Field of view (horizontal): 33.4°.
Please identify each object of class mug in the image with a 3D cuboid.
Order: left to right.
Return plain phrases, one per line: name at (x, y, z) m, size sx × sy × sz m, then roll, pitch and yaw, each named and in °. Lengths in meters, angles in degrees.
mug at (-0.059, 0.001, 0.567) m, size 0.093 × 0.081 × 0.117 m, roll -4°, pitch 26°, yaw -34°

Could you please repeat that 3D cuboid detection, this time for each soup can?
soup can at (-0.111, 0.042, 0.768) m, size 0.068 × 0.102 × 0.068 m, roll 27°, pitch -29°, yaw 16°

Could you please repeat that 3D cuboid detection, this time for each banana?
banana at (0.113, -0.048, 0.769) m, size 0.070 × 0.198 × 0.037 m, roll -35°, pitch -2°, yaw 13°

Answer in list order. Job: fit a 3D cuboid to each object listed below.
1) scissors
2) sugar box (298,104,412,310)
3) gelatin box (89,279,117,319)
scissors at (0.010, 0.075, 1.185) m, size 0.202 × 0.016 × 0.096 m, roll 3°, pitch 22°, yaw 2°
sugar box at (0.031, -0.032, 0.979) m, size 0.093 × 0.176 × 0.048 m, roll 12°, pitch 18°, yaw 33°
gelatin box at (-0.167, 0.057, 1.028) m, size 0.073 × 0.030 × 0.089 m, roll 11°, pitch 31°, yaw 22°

§ Task prompt: If a line of the records above holds the word "object", show it.

§ Answer space:
Please identify each object of class mug in the image with a 3D cuboid.
Answer in list order. Job: fit a 3D cuboid to each object listed below.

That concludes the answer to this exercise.